Il passaggio nella Scrittura che è la chiave per cogliere le straordinarie dimensioni della sapienza associate al Salomone storico è 1 Re. 3:12, “Io ti do un cuore saggio e intelligente, cosicché non c’è stato nessuno come te prima di te, e non sorgerà nessuno come te dopo di te”. Chiaramente, la sapienza di Salomone appartiene ad una categoria speciale. Non è una sapienza che chiunque potrebbe sperare di acquisire per se stesso. Né prima né dopo Salomone alcun mero uomo gli può essere paragonato in materia di sapienza. La sapienza di Salomone è perciò unica. La sua saggezza esemplifica quella del capo del patto: è la sapienza di Adamo che è andata perduta; è la sapienza di Cristo, che Dio è storicamente nel
processo di portare alla realizzazione. Con l’esaltare Salomone in materia di sapienza Dio stava rendendo evidente che la vera sapienza (conoscenza e intendimento) sarebbero state piantate e portate a fruizione nell’Uomo che Egli avrebbe scelto di stabilire sul suo popolo Israele, di fatto sulle nazioni. In Salomone sarebbe diventata spettacolarmente evidente tutta la sapienza di Dio stesso. Tutti sarebbe giunti a vedere che il dominio regale di Salomone e i suoi successi erano la conseguenza e il risultato di una sapienza che non era simile a niente che l’uomo avesse mai visto o sentito, né poteva sperare di raggiungere dall’ordinaria applicazione della conoscenza. Semplicemente non si sarebbe potuta trovare nell’uomo in alcun senso.

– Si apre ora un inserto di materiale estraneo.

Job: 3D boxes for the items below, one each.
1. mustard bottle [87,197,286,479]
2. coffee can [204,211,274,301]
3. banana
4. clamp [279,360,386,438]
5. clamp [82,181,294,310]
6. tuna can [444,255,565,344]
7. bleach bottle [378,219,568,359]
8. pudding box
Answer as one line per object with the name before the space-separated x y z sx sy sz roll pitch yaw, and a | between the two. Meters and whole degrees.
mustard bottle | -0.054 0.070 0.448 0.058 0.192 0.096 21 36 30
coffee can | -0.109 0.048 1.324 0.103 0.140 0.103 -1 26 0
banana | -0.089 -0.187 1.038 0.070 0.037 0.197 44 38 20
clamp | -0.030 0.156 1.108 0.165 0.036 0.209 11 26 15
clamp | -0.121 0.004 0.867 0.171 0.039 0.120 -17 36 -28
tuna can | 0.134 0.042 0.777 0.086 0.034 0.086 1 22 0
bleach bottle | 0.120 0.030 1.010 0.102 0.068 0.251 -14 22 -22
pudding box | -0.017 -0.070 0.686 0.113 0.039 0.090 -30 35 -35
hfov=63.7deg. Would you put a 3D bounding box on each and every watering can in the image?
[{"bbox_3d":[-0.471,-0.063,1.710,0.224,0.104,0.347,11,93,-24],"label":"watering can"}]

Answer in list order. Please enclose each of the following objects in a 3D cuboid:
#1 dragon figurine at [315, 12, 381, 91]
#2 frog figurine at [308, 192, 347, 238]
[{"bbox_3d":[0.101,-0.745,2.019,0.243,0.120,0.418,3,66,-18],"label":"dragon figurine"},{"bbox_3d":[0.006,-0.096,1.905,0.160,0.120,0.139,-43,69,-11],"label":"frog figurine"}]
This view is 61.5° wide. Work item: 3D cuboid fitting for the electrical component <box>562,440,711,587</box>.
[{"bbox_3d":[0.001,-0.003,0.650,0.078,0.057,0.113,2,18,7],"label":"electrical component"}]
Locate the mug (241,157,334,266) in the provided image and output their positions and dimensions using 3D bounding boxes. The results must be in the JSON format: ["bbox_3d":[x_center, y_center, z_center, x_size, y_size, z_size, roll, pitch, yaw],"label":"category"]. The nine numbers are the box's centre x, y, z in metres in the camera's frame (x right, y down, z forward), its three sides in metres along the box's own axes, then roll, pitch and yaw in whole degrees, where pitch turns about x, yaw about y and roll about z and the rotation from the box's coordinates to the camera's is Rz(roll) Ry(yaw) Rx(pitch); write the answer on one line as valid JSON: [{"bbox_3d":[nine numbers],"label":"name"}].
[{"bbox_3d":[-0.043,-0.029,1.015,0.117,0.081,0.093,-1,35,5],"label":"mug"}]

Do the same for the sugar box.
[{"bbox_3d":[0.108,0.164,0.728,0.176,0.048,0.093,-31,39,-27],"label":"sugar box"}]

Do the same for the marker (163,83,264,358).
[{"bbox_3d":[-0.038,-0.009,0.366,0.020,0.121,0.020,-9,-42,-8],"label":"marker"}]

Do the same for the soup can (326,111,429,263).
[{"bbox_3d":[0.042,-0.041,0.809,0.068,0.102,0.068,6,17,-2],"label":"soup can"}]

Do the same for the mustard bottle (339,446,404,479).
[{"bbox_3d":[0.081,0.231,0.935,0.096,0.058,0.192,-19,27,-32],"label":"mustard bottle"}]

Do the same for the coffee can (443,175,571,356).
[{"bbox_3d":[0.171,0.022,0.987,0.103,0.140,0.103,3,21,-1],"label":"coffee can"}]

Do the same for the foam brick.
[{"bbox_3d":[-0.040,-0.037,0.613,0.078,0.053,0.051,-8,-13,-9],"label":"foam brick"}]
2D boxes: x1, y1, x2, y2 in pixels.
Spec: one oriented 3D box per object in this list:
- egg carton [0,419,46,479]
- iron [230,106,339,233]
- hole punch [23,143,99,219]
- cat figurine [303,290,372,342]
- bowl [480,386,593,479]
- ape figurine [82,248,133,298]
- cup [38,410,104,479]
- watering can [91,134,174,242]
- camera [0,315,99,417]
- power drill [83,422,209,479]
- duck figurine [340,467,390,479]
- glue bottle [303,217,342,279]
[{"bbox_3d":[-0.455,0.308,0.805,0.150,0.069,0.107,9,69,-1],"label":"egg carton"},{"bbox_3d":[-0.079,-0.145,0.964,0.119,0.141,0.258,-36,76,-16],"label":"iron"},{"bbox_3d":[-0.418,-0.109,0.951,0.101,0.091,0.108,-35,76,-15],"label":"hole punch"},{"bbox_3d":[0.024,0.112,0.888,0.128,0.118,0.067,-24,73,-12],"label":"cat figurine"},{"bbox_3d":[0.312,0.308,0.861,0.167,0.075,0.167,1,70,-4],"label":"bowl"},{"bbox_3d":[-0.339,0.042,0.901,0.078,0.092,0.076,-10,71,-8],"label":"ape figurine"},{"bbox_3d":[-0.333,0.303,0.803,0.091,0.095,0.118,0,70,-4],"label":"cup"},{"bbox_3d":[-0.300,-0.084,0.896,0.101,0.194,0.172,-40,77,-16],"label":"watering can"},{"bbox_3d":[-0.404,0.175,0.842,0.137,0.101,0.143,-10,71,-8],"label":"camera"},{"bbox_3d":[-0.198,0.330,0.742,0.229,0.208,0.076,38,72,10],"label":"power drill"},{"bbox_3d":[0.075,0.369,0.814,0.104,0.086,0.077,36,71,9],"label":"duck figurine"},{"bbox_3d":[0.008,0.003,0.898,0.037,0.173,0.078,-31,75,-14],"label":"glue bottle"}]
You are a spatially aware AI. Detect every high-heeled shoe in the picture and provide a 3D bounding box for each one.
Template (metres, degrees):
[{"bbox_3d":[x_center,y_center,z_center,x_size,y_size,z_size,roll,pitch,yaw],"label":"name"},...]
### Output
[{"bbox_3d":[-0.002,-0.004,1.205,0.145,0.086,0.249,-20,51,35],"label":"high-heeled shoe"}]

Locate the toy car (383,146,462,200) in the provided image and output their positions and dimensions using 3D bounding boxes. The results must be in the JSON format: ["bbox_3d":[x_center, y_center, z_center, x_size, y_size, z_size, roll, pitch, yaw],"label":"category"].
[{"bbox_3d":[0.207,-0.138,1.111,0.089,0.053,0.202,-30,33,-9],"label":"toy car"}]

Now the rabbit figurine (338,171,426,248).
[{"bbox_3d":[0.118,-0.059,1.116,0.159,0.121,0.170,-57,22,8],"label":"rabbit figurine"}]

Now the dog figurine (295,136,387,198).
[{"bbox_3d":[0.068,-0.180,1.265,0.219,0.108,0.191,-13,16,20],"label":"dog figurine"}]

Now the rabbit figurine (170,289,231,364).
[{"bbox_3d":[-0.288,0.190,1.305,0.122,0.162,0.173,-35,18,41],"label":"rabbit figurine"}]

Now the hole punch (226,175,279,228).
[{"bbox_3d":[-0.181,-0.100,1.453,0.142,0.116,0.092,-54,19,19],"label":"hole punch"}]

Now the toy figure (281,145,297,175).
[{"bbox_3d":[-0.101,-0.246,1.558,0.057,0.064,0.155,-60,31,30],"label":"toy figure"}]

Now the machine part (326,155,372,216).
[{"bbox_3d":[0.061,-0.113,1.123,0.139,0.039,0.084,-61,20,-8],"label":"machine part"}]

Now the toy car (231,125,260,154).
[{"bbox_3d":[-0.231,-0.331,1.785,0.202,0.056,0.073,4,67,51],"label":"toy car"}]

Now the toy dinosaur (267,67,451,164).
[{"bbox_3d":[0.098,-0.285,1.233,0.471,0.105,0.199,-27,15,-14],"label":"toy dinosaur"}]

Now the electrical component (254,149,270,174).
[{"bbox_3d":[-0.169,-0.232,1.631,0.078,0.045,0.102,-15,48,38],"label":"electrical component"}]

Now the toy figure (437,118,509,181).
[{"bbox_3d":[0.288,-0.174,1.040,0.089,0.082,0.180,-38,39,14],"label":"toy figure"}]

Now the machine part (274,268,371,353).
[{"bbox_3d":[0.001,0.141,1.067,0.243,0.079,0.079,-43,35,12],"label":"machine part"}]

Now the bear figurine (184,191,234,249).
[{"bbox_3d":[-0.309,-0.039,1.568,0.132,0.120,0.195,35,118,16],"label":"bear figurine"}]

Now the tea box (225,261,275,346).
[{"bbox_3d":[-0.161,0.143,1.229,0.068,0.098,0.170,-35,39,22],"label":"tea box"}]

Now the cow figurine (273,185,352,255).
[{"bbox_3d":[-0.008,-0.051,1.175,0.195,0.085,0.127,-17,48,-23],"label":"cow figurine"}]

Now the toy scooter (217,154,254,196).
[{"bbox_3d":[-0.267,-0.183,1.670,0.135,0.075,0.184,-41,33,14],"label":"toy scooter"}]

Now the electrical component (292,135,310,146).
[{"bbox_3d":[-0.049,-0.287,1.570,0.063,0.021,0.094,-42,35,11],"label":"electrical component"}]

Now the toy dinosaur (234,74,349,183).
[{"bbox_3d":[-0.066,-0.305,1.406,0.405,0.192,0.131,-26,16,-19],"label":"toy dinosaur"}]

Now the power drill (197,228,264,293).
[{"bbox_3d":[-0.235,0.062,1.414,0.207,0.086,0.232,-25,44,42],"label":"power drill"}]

Va sottolineato che il dono di sapienza a Salomone – poiché di un dono più che certamente si trattò e non qualcosa di cui neppure Salomone avrebbe potuto vantare che fosse un aspetto del genio “naturale” – era posto sul fondamento di fedele obbedienza pattizia a Dio e alla sua giustizia. Infatti, in 1 Re è reso chiaro a Salomone che il favore di cui godeva in materia di sapienza poggiava sulla responsabilità che gli era stata data di vivere nel rispetto dei giusti ordinamenti tramandati da suo padre Davide – “Se poi cammini nelle mie vie osservando i miei comandamenti come fece tuo padre Davide” (1 Re 3:14). In precedenza Davide stesso aveva solennemente esortato Salomone a continuare saldamente in ciò che il Signore Dio richiede: “Osserva ciò che l’Eterno, il tuo Dio, ti ha comandato di osservare, camminando nelle sue vie e mettendo in pratica i suoi statuti, i suoi comandamenti, i suoi decreti e i suoi precetti, come sta scritto nella legge di Mosè, affinché tu riesca in tutto ciò che farai e dovunque ti volga” (1 Re 2:3). La sapienza di Salomone, e le stupende benedizioni che gli sarebbero derivate da essa, erano condizionali ad un’accurata osservanza nell’obbedire ad ogni parola che procede dalla bocca di Dio. Questo era il modo in cui Adamo avrebbe dovuto vivere nel mondo di Dio; è il modo in cui Cristo solamente è stato capace di vivere nel mondo. La sapienza di Salomone e il posto che occupa nella Scrittura fu intesa per riflettere tutte le implicazioni della dottrina totale di sapienza che abbiamo delineato nel capitolo precedente. Nella sua sapienza è riassunta tutta la sapienza della Scrittura come giunge a piena fruizione in servizio per il regno.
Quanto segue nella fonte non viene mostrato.